Action item:
Identify every line in the records below that contains the word "Parse", and copy each of those lines.

Record extracts:
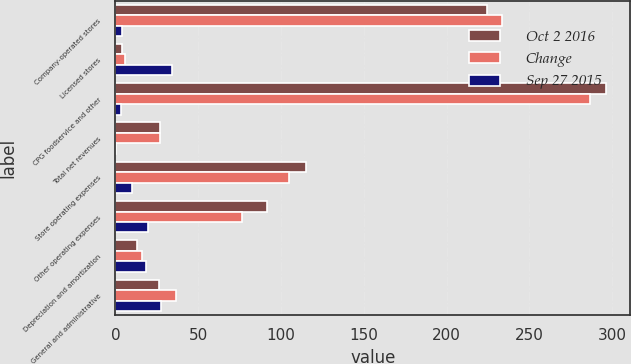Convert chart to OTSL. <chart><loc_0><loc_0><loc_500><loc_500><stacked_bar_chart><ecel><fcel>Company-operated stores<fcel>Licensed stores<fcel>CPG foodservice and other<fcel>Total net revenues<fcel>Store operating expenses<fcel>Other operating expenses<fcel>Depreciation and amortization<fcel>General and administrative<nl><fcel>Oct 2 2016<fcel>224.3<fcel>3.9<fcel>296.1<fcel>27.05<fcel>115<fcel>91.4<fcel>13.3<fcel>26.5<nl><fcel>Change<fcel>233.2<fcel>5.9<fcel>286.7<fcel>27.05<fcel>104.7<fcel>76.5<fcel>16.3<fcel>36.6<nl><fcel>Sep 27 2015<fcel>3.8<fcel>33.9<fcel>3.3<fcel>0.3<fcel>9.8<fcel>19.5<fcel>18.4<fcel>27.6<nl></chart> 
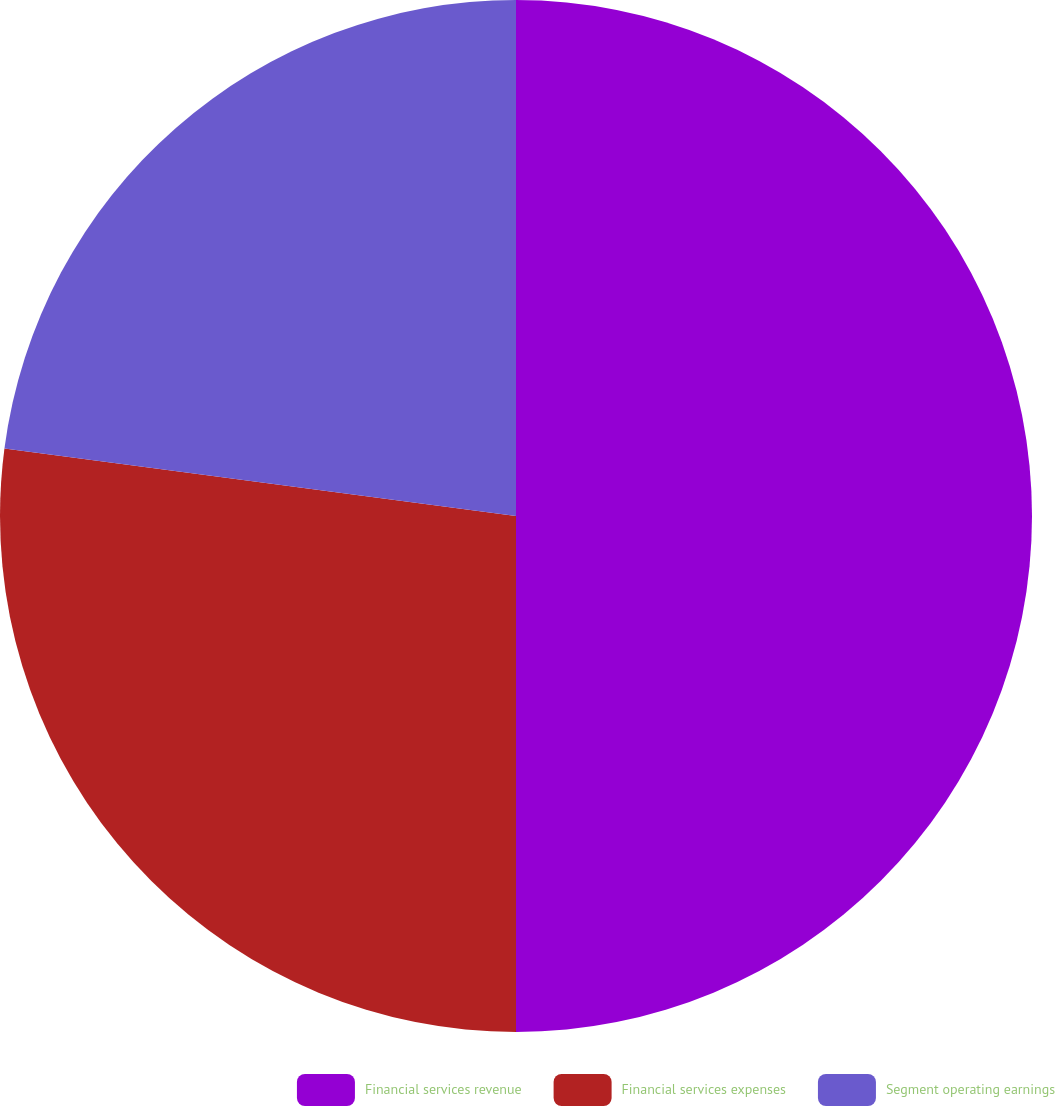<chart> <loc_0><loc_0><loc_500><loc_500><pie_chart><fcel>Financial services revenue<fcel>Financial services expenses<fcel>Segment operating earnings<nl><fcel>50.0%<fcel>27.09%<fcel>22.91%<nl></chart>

==

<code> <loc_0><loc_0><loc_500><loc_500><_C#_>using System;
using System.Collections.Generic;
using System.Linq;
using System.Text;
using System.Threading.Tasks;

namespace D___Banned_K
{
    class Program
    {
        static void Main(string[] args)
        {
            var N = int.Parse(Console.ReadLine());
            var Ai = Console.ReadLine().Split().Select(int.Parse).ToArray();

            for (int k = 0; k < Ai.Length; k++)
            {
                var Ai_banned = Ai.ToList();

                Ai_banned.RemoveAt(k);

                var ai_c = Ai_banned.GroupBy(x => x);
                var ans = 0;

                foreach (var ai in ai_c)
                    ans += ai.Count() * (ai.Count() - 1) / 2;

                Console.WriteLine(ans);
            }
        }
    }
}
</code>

--

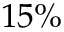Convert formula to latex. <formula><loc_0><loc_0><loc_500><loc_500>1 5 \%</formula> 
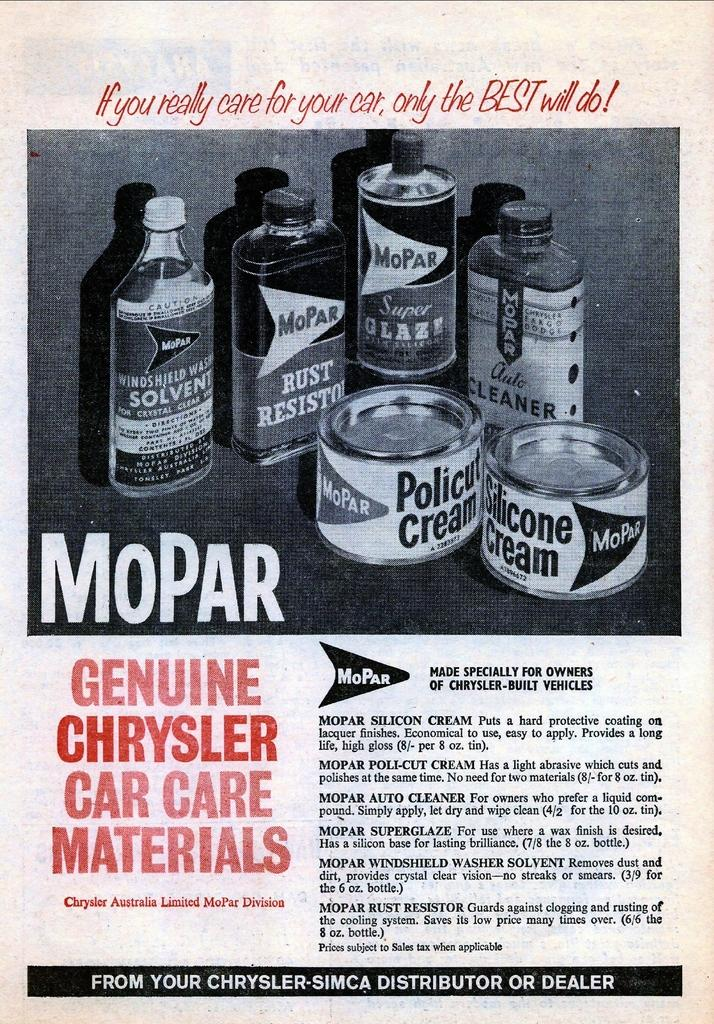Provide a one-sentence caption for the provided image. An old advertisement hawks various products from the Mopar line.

Exercise solution:
            var N = int.Parse(Console.ReadLine());
            var Ai = Console.ReadLine().Split().Select(int.Parse).ToArray();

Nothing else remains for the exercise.